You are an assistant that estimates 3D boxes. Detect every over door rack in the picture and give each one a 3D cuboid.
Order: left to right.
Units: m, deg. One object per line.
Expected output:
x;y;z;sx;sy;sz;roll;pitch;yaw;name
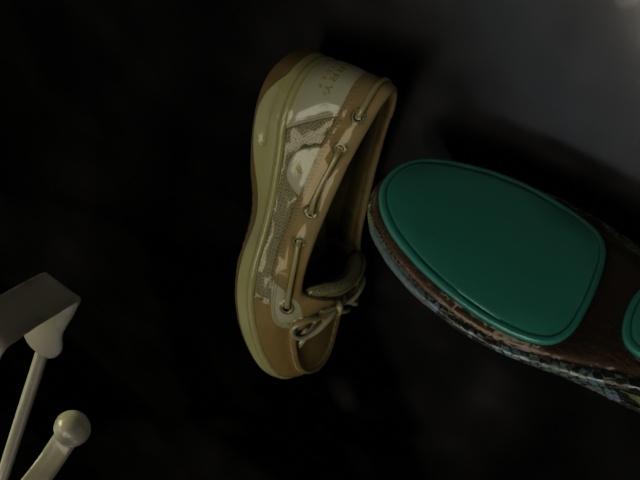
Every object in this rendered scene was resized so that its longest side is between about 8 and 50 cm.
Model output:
-0.065;0.168;0.564;0.240;0.108;0.324;34;140;8;over door rack

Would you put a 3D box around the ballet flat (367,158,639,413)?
0.101;0.031;0.401;0.188;0.070;0.070;28;132;20;ballet flat

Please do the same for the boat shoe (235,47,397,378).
0.001;-0.001;0.448;0.048;0.056;0.153;22;123;26;boat shoe

──────────

YOUR TASK: Search the material for lines holding the word "object", then say how many there are and nothing more.

ANSWER AREA: 2